Another key to understanding all stakeholders’ needs and indeed a key to succeeding in building value as a Legal team full stop, is building trust with your colleagues. I find it’s really important (and fun!) to be sociable, to get to know your colleagues and take the time to have coffee/lunch/drinks with them. The combination of shared personal experiences and then living through intense projects at a hyper growth startup like Qonto provides an extremely powerful working relationship.

You need to ‘get’ the business goals

Finally, being attuned to your company’s wider business goals will allow you to place the projects you work on a context and understand when and where to focus your efforts. Practically for me, this means regular discussions with our VP Legal who sits on the executive committee as well as regular check-ins with our VP Strategy and Product team leads to ensure that I have the global picture to inform my work. It also means analysing the business case created for each product/feature and noting down in my weekly Notion page where I organise my ongoing projects, which initiative each project belongs to (as a business, we have Qonto-wide initiatives that provide our roadmap for the next quarter(s)) and how high a priority it is for the business (we love emojis at Qonto, so this is typically denoted with 1, 2 or 3 flames!).

How do you measure success?

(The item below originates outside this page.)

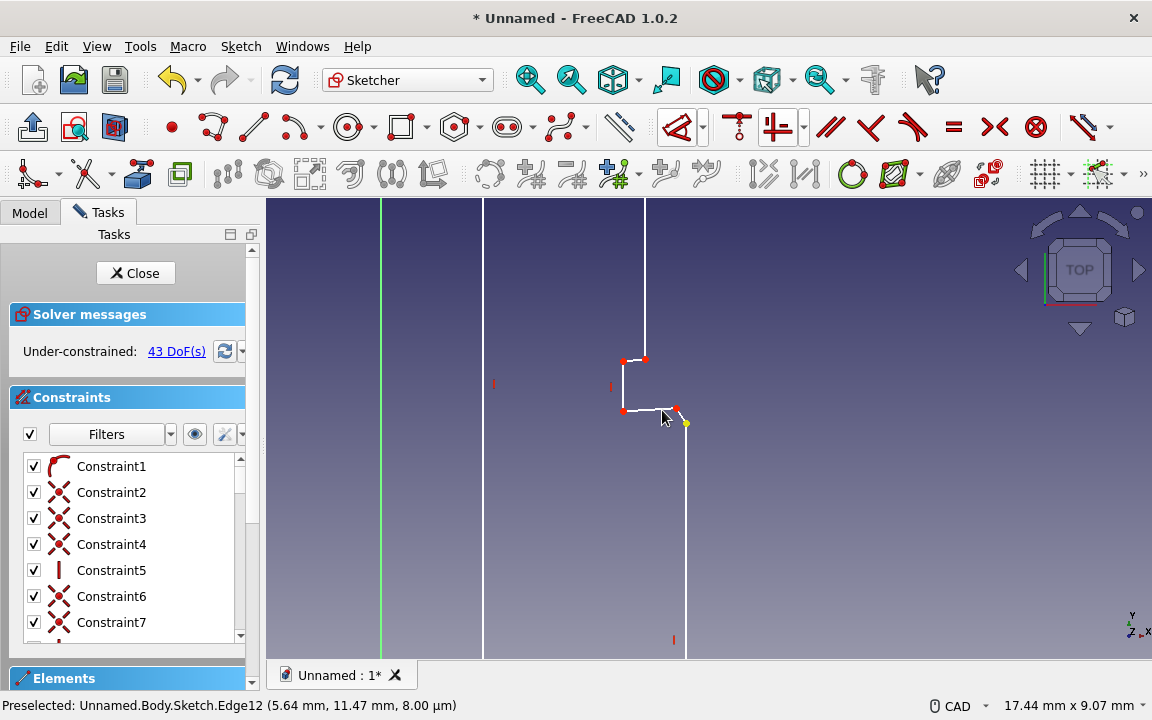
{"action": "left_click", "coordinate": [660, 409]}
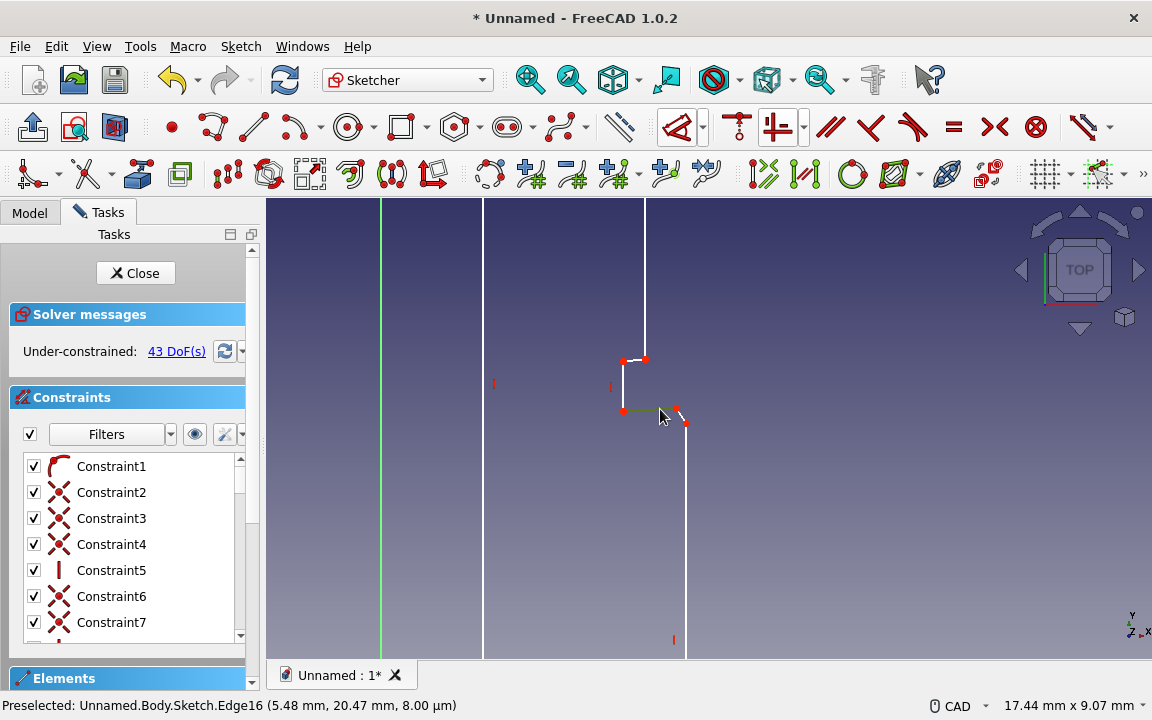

How do you learn from failure? 

To measure success, we track the product/feature uptake and upsell (if relevant) after release. We then work out based on that if it has hit our needs and also whether it changes the metrics for revenue and acquisition that we had set in the business case at the start of the feature. Based on user feedback, we can also work out if the product has been a success and/or if there are additional features we could add to it that would increase its success even more.

At Qonto, analysing our successes as well as our failures is an essential part of the Qonto Way - the philosophy that underpins our business. This philosophy is based on the Toyota Production System that many people may be familiar with from books such as The Lean Startup, but it adapts those principles to our specific needs. One of the elements of the Toyota and Qonto Way philosophy that I really like is kaizen (continuous improvement), the idea that each past experience should be a guide for how to do that same thing better in the future.

More concretely, when we’ve had a failure, we hold a PDCA meeting. PDCA stands for Plan, Do, Check, Act and aims at identifying the root causes of what went wrong so we can create steps to mitigate or avoid this going forward. There are many other elements to the Qonto Way but I’ll stop there. It’s been a surprisingly effective tool for our team to increase both our productivity and our quality and, crucially, helps all teams scale at the same speed during our rapid growth trajectory.

That’s it for now. I hope you found this article useful and that it’s given you some new inspiration for how to  add value in Product Legal.